To determine the sample size required to have a margin of error of 0.4 cm with a 99% confidence level, we can use the formula:
n = (zα/2 * σ / E)^2
where:
n = sample size
zα/2 = z-score for the given confidence level (99%), which is 2.576
σ = standard deviation of the population (unknown, but we can estimate it using the sample standard deviation)
E = margin of error, which is 0.4 cm
We are given the sample mean (34.9 cm) but not the sample standard deviation, so we need to estimate it using the margin of error.

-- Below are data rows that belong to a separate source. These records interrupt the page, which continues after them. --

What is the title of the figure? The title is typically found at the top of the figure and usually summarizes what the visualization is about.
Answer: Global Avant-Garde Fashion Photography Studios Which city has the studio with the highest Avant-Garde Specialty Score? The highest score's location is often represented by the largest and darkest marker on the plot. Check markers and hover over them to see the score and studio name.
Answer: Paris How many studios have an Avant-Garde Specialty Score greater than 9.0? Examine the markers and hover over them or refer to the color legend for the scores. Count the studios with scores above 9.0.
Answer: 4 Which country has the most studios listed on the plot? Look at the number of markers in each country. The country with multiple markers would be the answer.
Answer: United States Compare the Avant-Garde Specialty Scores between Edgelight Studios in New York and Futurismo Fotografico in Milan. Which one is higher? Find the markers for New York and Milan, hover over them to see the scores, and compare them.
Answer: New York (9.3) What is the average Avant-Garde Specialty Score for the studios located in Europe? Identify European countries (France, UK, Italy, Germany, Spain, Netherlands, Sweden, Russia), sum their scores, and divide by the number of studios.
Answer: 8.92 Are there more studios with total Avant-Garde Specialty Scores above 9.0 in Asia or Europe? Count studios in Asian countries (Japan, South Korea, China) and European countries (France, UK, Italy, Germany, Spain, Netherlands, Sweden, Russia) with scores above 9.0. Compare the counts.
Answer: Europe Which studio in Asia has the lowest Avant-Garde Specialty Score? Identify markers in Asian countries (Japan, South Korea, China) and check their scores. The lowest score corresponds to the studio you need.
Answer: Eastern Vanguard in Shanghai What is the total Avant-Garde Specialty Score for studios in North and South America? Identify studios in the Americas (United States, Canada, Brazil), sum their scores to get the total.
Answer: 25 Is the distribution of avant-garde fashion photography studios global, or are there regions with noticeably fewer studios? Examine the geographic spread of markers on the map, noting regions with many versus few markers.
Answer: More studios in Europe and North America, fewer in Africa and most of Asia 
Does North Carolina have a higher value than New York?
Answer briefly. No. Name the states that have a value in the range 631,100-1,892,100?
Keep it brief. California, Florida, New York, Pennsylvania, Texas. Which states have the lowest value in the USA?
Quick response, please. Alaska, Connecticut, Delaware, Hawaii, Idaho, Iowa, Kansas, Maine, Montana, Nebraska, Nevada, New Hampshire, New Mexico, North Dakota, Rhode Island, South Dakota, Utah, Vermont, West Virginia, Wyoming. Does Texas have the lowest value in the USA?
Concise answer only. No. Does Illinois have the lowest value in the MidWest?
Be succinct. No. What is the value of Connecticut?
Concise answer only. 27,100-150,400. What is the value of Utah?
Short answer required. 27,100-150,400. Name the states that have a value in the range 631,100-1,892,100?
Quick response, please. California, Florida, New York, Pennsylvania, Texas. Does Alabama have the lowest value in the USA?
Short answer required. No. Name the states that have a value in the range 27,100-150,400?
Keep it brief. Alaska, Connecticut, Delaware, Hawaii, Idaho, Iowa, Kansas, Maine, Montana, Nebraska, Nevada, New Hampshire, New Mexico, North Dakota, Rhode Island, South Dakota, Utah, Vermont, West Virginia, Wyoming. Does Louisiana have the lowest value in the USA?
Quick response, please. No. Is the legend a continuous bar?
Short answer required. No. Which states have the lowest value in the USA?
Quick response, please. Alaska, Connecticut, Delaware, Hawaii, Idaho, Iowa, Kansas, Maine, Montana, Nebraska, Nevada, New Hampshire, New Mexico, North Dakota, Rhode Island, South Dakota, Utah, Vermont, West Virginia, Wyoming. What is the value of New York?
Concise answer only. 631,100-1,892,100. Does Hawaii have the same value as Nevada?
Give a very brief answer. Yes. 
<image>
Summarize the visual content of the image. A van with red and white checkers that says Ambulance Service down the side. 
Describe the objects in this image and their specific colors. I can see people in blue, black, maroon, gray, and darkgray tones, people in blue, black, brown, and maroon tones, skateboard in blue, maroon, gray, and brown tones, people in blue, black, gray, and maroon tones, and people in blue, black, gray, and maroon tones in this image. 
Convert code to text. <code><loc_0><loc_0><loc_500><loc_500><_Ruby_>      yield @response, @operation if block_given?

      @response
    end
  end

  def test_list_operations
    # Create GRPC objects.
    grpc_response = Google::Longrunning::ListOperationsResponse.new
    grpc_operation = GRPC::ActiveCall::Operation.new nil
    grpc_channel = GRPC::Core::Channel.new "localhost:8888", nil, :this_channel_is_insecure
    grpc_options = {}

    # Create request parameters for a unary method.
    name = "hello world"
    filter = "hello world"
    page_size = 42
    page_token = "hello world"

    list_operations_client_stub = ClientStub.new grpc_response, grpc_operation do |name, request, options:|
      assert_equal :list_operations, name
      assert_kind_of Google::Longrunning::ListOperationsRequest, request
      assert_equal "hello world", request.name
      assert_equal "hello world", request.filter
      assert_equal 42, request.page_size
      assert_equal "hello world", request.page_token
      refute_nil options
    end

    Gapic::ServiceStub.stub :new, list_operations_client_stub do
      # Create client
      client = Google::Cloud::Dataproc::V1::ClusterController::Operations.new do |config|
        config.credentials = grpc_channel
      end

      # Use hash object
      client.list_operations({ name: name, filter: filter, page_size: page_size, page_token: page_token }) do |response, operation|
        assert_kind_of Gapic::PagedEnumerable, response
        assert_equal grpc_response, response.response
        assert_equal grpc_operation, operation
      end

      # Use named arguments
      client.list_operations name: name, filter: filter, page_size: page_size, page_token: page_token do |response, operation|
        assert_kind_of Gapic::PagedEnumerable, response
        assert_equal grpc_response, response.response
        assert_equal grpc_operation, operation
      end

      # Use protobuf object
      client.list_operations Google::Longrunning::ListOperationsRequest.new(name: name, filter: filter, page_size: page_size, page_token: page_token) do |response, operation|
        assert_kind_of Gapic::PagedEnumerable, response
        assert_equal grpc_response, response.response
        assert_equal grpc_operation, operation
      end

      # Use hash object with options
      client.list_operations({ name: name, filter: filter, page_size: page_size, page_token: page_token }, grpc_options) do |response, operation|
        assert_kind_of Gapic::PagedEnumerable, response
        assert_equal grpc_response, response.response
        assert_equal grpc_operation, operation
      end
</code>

The margin of error is defined as:
E = zα/2 * σ / sqrt(n)
Rearranging this equation, we can solve for the standard deviation:
σ = E * sqrt(n) / zα/2
Substituting the given values, we get:
0.9 cm = 2.576 * σ / sqrt(14)
σ = 0.9 cm * sqrt(14) / 2.576
σ ≈ 0.294 cm
Now we can use this estimate of the standard deviation to calculate the sample size:
n = (zα/2 * σ / E)^2
n = (2.576 * 0.294 cm / 0.4 cm)^2
n ≈ 46.7
Rounding up to the nearest whole number, we get a required sample size of 47. Therefore, we need a sample of at least 47 infants to estimate the population head circumference with a margin of error of 0.4 cm and a 99% confidence level.